## YOUR ASSIGNMENT
Every entry must be duplicated precisely as written.

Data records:
◆ ◆ ◆

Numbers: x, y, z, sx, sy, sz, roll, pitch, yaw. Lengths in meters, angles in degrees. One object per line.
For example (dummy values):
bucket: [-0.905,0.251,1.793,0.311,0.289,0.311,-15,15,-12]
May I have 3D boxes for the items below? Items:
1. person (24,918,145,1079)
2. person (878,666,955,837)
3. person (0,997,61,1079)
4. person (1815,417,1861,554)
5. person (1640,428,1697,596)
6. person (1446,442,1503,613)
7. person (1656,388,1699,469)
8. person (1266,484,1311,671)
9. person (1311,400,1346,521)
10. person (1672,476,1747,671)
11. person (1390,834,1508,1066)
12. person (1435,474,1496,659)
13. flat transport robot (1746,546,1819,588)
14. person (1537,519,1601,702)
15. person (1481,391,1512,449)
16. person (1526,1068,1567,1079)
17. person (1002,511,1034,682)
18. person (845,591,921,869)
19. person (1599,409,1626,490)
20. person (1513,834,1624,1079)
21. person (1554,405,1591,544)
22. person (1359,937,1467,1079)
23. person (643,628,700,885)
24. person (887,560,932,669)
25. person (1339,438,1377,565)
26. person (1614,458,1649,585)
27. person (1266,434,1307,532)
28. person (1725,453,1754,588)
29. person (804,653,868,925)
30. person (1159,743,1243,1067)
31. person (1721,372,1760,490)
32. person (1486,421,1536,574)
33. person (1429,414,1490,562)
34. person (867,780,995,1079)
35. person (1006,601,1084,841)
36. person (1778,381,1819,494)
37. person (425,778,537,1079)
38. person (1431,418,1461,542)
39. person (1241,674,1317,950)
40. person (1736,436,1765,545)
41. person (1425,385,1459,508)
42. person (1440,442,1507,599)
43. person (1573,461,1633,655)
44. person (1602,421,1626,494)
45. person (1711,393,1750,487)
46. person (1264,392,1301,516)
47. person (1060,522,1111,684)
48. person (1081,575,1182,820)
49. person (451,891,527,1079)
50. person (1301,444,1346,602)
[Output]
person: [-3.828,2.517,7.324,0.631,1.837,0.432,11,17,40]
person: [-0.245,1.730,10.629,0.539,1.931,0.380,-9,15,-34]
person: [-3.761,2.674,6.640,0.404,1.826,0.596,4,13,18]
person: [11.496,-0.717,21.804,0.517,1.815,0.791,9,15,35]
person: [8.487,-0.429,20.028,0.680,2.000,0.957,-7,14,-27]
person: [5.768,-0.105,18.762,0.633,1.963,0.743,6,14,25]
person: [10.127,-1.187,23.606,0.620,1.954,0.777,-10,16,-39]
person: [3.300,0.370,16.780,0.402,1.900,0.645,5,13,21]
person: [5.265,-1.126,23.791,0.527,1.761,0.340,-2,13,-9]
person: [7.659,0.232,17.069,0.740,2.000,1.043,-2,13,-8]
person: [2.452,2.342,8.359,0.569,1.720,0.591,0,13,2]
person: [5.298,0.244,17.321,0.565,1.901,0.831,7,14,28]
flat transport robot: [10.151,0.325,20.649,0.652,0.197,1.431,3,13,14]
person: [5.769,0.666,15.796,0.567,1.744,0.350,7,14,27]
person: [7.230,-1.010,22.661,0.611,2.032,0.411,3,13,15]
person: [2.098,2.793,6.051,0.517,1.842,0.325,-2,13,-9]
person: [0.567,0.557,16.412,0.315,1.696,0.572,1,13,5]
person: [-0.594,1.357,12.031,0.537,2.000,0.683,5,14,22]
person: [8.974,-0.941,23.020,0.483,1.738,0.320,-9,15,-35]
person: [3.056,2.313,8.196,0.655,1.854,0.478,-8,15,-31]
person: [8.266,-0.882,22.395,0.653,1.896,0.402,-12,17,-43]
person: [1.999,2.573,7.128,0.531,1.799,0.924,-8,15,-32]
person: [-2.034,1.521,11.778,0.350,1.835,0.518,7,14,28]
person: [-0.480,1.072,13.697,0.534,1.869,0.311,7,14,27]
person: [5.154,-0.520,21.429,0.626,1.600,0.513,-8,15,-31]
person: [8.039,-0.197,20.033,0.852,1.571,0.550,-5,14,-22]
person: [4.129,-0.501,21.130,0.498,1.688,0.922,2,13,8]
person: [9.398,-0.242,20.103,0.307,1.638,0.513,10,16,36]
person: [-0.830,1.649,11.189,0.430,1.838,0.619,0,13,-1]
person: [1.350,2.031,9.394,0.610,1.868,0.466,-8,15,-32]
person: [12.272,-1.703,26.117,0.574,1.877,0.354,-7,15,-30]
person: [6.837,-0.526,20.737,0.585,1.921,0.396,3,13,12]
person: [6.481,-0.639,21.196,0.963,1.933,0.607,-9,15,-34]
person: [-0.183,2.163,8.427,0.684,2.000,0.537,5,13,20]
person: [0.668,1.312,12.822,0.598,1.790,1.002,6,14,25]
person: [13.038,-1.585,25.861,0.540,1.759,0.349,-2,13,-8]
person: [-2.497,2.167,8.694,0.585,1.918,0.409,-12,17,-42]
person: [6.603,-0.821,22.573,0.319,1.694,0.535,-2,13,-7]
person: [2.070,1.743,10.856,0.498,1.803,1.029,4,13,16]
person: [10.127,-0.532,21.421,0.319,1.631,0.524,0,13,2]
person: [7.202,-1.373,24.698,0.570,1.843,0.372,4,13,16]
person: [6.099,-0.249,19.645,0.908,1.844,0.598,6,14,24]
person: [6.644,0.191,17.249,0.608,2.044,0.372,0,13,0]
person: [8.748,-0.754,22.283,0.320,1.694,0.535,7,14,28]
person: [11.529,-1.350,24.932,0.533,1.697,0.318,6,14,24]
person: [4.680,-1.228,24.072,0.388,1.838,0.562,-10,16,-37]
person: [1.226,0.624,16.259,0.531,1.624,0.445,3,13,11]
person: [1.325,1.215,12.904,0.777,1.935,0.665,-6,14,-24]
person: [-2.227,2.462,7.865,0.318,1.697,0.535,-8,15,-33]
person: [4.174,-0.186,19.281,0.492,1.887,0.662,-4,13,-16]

◆ ◆ ◆

## WRITTEN RESPONSE
Numbers: x, y, z, sx, sy, sz, roll, pitch, yaw. Lengths in meters, angles in degrees. One object per line.
For example (dummy values):
bucket: [-0.905,0.251,1.793,0.311,0.289,0.311,-15,15,-12]
May I have 3D boxes for the items below? Items:
1. person (24,918,145,1079)
2. person (878,666,955,837)
3. person (0,997,61,1079)
4. person (1815,417,1861,554)
5. person (1640,428,1697,596)
6. person (1446,442,1503,613)
7. person (1656,388,1699,469)
8. person (1266,484,1311,671)
9. person (1311,400,1346,521)
10. person (1672,476,1747,671)
11. person (1390,834,1508,1066)
12. person (1435,474,1496,659)
13. flat transport robot (1746,546,1819,588)
14. person (1537,519,1601,702)
15. person (1481,391,1512,449)
16. person (1526,1068,1567,1079)
17. person (1002,511,1034,682)
18. person (845,591,921,869)
19. person (1599,409,1626,490)
20. person (1513,834,1624,1079)
21. person (1554,405,1591,544)
22. person (1359,937,1467,1079)
23. person (643,628,700,885)
24. person (887,560,932,669)
25. person (1339,438,1377,565)
26. person (1614,458,1649,585)
27. person (1266,434,1307,532)
28. person (1725,453,1754,588)
29. person (804,653,868,925)
30. person (1159,743,1243,1067)
31. person (1721,372,1760,490)
32. person (1486,421,1536,574)
33. person (1429,414,1490,562)
34. person (867,780,995,1079)
35. person (1006,601,1084,841)
36. person (1778,381,1819,494)
37. person (425,778,537,1079)
38. person (1431,418,1461,542)
39. person (1241,674,1317,950)
40. person (1736,436,1765,545)
41. person (1425,385,1459,508)
42. person (1440,442,1507,599)
43. person (1573,461,1633,655)
44. person (1602,421,1626,494)
45. person (1711,393,1750,487)
46. person (1264,392,1301,516)
47. person (1060,522,1111,684)
48. person (1081,575,1182,820)
49. person (451,891,527,1079)
50. person (1301,444,1346,602)
[Output]
person: [-3.828,2.517,7.324,0.631,1.837,0.432,11,17,40]
person: [-0.245,1.730,10.629,0.539,1.931,0.380,-9,15,-34]
person: [-3.761,2.674,6.640,0.404,1.826,0.596,4,13,18]
person: [11.496,-0.717,21.804,0.517,1.815,0.791,9,15,35]
person: [8.487,-0.429,20.028,0.680,2.000,0.957,-7,14,-27]
person: [5.768,-0.105,18.762,0.633,1.963,0.743,6,14,25]
person: [10.127,-1.187,23.606,0.620,1.954,0.777,-10,16,-39]
person: [3.300,0.370,16.780,0.402,1.900,0.645,5,13,21]
person: [5.265,-1.126,23.791,0.527,1.761,0.340,-2,13,-9]
person: [7.659,0.232,17.069,0.740,2.000,1.043,-2,13,-8]
person: [2.452,2.342,8.359,0.569,1.720,0.591,0,13,2]
person: [5.298,0.244,17.321,0.565,1.901,0.831,7,14,28]
flat transport robot: [10.151,0.325,20.649,0.652,0.197,1.431,3,13,14]
person: [5.769,0.666,15.796,0.567,1.744,0.350,7,14,27]
person: [7.230,-1.010,22.661,0.611,2.032,0.411,3,13,15]
person: [2.098,2.793,6.051,0.517,1.842,0.325,-2,13,-9]
person: [0.567,0.557,16.412,0.315,1.696,0.572,1,13,5]
person: [-0.594,1.357,12.031,0.537,2.000,0.683,5,14,22]
person: [8.974,-0.941,23.020,0.483,1.738,0.320,-9,15,-35]
person: [3.056,2.313,8.196,0.655,1.854,0.478,-8,15,-31]
person: [8.266,-0.882,22.395,0.653,1.896,0.402,-12,17,-43]
person: [1.999,2.573,7.128,0.531,1.799,0.924,-8,15,-32]
person: [-2.034,1.521,11.778,0.350,1.835,0.518,7,14,28]
person: [-0.480,1.072,13.697,0.534,1.869,0.311,7,14,27]
person: [5.154,-0.520,21.429,0.626,1.600,0.513,-8,15,-31]
person: [8.039,-0.197,20.033,0.852,1.571,0.550,-5,14,-22]
person: [4.129,-0.501,21.130,0.498,1.688,0.922,2,13,8]
person: [9.398,-0.242,20.103,0.307,1.638,0.513,10,16,36]
person: [-0.830,1.649,11.189,0.430,1.838,0.619,0,13,-1]
person: [1.350,2.031,9.394,0.610,1.868,0.466,-8,15,-32]
person: [12.272,-1.703,26.117,0.574,1.877,0.354,-7,15,-30]
person: [6.837,-0.526,20.737,0.585,1.921,0.396,3,13,12]
person: [6.481,-0.639,21.196,0.963,1.933,0.607,-9,15,-34]
person: [-0.183,2.163,8.427,0.684,2.000,0.537,5,13,20]
person: [0.668,1.312,12.822,0.598,1.790,1.002,6,14,25]
person: [13.038,-1.585,25.861,0.540,1.759,0.349,-2,13,-8]
person: [-2.497,2.167,8.694,0.585,1.918,0.409,-12,17,-42]
person: [6.603,-0.821,22.573,0.319,1.694,0.535,-2,13,-7]
person: [2.070,1.743,10.856,0.498,1.803,1.029,4,13,16]
person: [10.127,-0.532,21.421,0.319,1.631,0.524,0,13,2]
person: [7.202,-1.373,24.698,0.570,1.843,0.372,4,13,16]
person: [6.099,-0.249,19.645,0.908,1.844,0.598,6,14,24]
person: [6.644,0.191,17.249,0.608,2.044,0.372,0,13,0]
person: [8.748,-0.754,22.283,0.320,1.694,0.535,7,14,28]
person: [11.529,-1.350,24.932,0.533,1.697,0.318,6,14,24]
person: [4.680,-1.228,24.072,0.388,1.838,0.562,-10,16,-37]
person: [1.226,0.624,16.259,0.531,1.624,0.445,3,13,11]
person: [1.325,1.215,12.904,0.777,1.935,0.665,-6,14,-24]
person: [-2.227,2.462,7.865,0.318,1.697,0.535,-8,15,-33]
person: [4.174,-0.186,19.281,0.492,1.887,0.662,-4,13,-16]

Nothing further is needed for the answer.